The next chapter of this story involves HMP Holloway. At one point Holloway was the largest women’s prison in western Europe. Sarah Reed died, or was executed, there on January 11, 2016. On January 11, Sarah Reed, 32 years old, Black, living with mental health issues and drug addiction, the victim of a famous police brutality case, was “found dead” in her cell at Holloway Prison, north of London. Her death went relatively unreported for almost a month, until the family managed to contact Black activist, Lee Jasper. In 2012, Sarah Reed was viciously attacked by a Metropolitan Police officer. The attack was caught on camera, and, in 2014, the officer was dismissed from the force. In October 2014, Sarah Reed was in a mental health hospital when she allegedly attacked someone. Her family says she wrote to them saying she had acted in self-defense. On January 4, Sarah Reed was shipped over to Holloway Prison, to await trial. While there, according to her family, she received no mental health treatment. Prison authorities claimed that Sarah Reed “strangled herself” while in her bed. Her family doubts that narrative. Further, they say they were prevented from seeing Sarah Reed and were treated “in a hostile and aggressive manner.”Sarah Reed was the last woman to die in Holloway Prison. On July 2016, Holloway was closed, and prisoners were moved to HMP Downview and HMP Bronzefield, outside of London. According to the Chief Inspector of Prisons, in 2013, the conditions in Bronzefield were dismaying.

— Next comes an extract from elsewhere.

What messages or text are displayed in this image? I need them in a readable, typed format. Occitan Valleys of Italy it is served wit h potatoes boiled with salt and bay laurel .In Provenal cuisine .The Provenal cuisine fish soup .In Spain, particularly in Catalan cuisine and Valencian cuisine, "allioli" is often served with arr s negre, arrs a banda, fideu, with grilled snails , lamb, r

And that leads us to the most recent chapter, A long way from home: Improving London’s response to women in the criminal justice system. Holloway was not only the largest women’s prison in Western Europe. It was the only prison in London. So, when Holloway closed, two years ago, women prisoners of London are shipped out of town. As the report notes, first, the majority of women shouldn’t be in the criminal justice system in the first place: “The crimes that women typically commit are ‘low-level’ offences like criminal damage, theft, common assault and TV licence evasion”.  Second, the women shouldn’t be sent distances from their families and communities of support. Third, a short sentence, which is what most women receive, has long-term catastrophic effects. Fourth, the system for women needs a thorough overhaul that begins with the problems women face and addressing those problems. Finally, we have all been here, among these “findings” and recommendations, before, more than once, and we did nothing, less than nothing.

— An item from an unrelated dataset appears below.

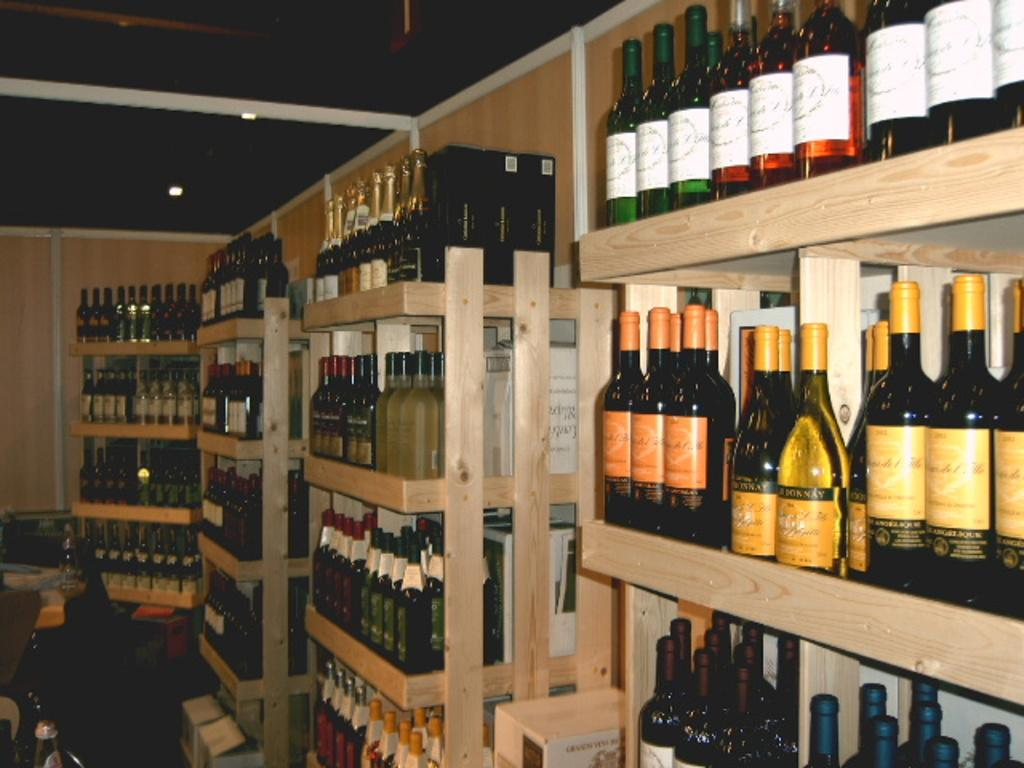What type of containers are visible in the image? There are alcohol bottles in the image. How are the alcohol bottles arranged? The alcohol bottles are arranged on wooden racks. What can be seen behind the bottles? There is a wall visible in the image. What provides illumination in the image? Ceiling lights are attached to the ceiling in the image. Can you see any cats playing near the river in the image? There is no river or cats present in the image; it features alcohol bottles arranged on wooden racks with a wall and ceiling lights.

A news article on today’s report notes, “The report from the London Assembly covers the capital but has national importance.” Actually, it has global importance. As in London, so in many parts of the United States and other countries. Women prisoners are in for low-level offences that suggest need for support and assistance rather than incarceration. Women prisoners are sent greater distances than male prisoners. The system for women prisoners everywhere needs a thorough overhaul. Finally, none of this is new, we have all been here before, and we have done nothing, less and worse than nothing. The time has come, more than come, to move beyond “findings” and recommendations, and to begin the real work of overhaul and transformation.When it comes to addressing the specificities, and injustices, of women’s incarceration, we are all a long way from home.